For decades, no less a medical authority than Mary Poppins has been advising children and adults alike that a spoonful of sugar will help the medicine go down. Today, thanks to a faulty temperature reading on a laboratory baking oven, researchers at Oregon State University are eyeing the commercialization of a new breed of non-toxic, environmentally-benign and cost-effective sand binder based on the therapeutic powers of that same material.
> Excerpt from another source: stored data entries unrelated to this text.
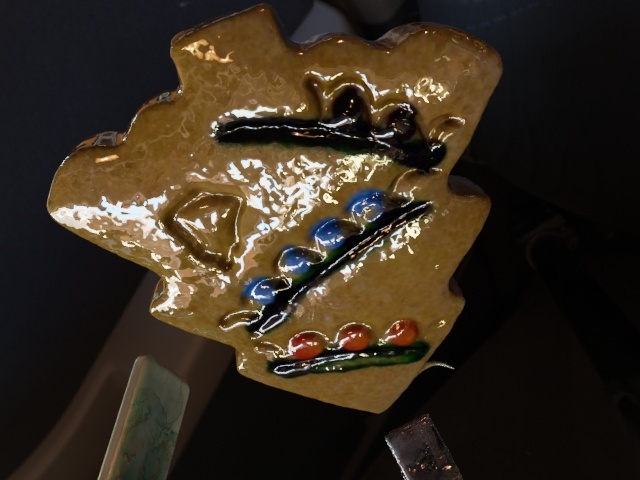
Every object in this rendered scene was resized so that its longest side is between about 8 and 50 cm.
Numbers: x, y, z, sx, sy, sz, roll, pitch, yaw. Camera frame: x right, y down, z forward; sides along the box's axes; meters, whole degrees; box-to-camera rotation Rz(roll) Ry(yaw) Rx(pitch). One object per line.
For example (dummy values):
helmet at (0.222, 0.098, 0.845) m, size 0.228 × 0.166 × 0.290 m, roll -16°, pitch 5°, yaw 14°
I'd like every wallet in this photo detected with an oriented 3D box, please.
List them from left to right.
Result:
wallet at (0.220, 0.466, 1.629) m, size 0.111 × 0.030 × 0.166 m, roll -26°, pitch 79°, yaw -7°

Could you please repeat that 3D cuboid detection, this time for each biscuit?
biscuit at (0.000, 0.001, 0.482) m, size 0.278 × 0.301 × 0.043 m, roll -22°, pitch 29°, yaw 8°

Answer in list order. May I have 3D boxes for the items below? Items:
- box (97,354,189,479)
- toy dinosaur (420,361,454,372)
box at (-0.289, 0.338, 1.234) m, size 0.044 × 0.142 × 0.285 m, roll -4°, pitch 57°, yaw 24°
toy dinosaur at (0.136, 0.220, 1.321) m, size 0.180 × 0.037 × 0.058 m, roll -16°, pitch 74°, yaw 8°
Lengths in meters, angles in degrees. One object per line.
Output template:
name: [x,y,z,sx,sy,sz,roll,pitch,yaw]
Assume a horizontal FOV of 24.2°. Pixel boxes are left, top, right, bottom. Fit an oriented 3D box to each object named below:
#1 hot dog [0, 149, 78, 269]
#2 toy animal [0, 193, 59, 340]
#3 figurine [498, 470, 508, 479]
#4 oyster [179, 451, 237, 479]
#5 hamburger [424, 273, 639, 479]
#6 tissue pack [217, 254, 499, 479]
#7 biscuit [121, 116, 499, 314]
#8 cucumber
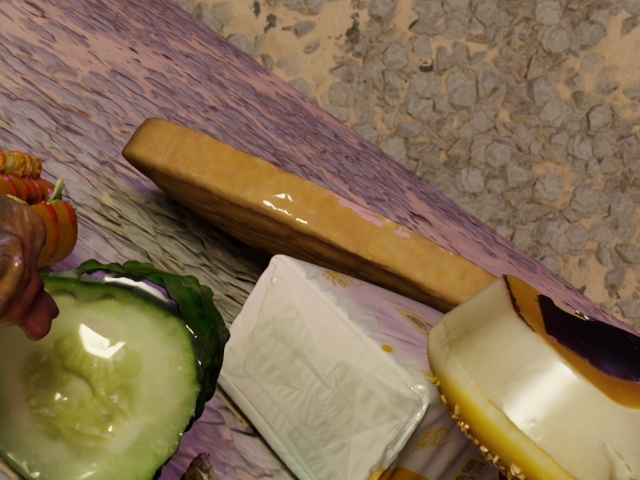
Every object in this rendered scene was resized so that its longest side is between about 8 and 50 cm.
hot dog: [-0.230,-0.022,1.012,0.104,0.076,0.250,37,14,9]
toy animal: [-0.255,0.007,0.646,0.312,0.157,0.097,27,14,-41]
figurine: [0.199,0.241,0.975,0.287,0.186,0.176,34,4,33]
oyster: [-0.065,0.156,0.900,0.051,0.034,0.093,51,-1,-6]
hamburger: [0.149,0.106,0.952,0.173,0.116,0.210,27,13,-8]
tissue pack: [0.057,0.124,1.133,0.185,0.124,0.225,42,12,38]
biscuit: [-0.001,0.002,1.377,0.385,0.062,0.365,25,-4,2]
cucumber: [-0.114,0.070,0.899,0.134,0.134,0.244,37,5,2]

“We were surprised that simple sugar could bind sand together so strongly,” Kaichang Li, a professor of wood science and engineering at Corvallis, Ore.-based Oregon State University (OSU), told Inner Circle. “The binder systems we’ve developed should be much less expensive than existing sand binders and do not pose toxicity concerns,” he added, noting that materials such as furan and phenol formaldehyde resins can emit toxic fumes during the mold-making and metal-casting process.
Working with faculty research assistant Jian Huang, Li identified combinations of sugar, soy flour and hydrolyzed starch--or just sugar by itself--that he says should work effectively as a binder in sand molds for making various types of metal castings.
“Our sand binders are very easy to use,” Li told Inner Circle. “You can buy the ingredients, mix them with sand and are ready to make sand molds if we provide you with the binder formulations. Sugar and other carbohydrates are abundant, inexpensive, food-grade materials,” he pointed out, noting that any sugarcane sugars purchased at the local grocery are candidates for use. And since such agricultural products largely decompose into just carbon dioxide and water, there should be no environmental drawbacks, he added.
Li is quick to note that serendipity--in the form of an electro-mechanical snafu--played a starring role in the birth of the new, eco-friendly generation of binders. “We have an old oven,” he explained. “The dial reading on the oven is lower than the actual temperature inside the oven. The extra temperature was essential for imparting the superior strength and moisture resistance of the sand molds made with the binders.”
To date, OSU’s researchers, which have applied for a patent on the process, have made various “small” molds with their binders and the molds have been used to produce metal castings in small foundry plants. “Experts in the foundry plants were very happy with the 
performance of the binders,” Li said. “But the sand binders have yet to be used in an actual commercial production environment.”
Results from initial tests conducted at foundry plants indicate that sand molds made with OSU’s binders are comparable to or even better than those made with currently-used sand binders, Li said. “So, our sand binder technology is ready for a full scale of commercial application. We at Oregon State University will work with an investor and a foundry plant to resolve any unforeseen issues,” he said.
“We are specialists in materials science and polymer chemistry and experts in adhesives. But we have limited knowledge of the foundry industry,” Li acknowledged. “So an ideal investor should have in-depth knowledge of the foundry industry, know who would need these environmentally friendly sand binders and be good at selling the binders to the metal casters.”
“The foundry industry is an old industry and may not be willing to accept change,” Li said when asked what he considered the steepest challenge the researchers faced in ushering the OSU binders to full commercialization. “As I see it, the biggest challenge of commercializing our sand binders is how to break the market barrier.”
Li, a winner of the Environmental Protection Agency’s Presidential Green Chemistry Challenge Award, is no stranger to pioneering innovations geared to reduce waste or toxins in manufacturing processes. A natural resin made from soy flour and perfected in the OSU laboratory is already being used commercially to replace formaldehyde-baed adhesives in the manufacture of some wood products.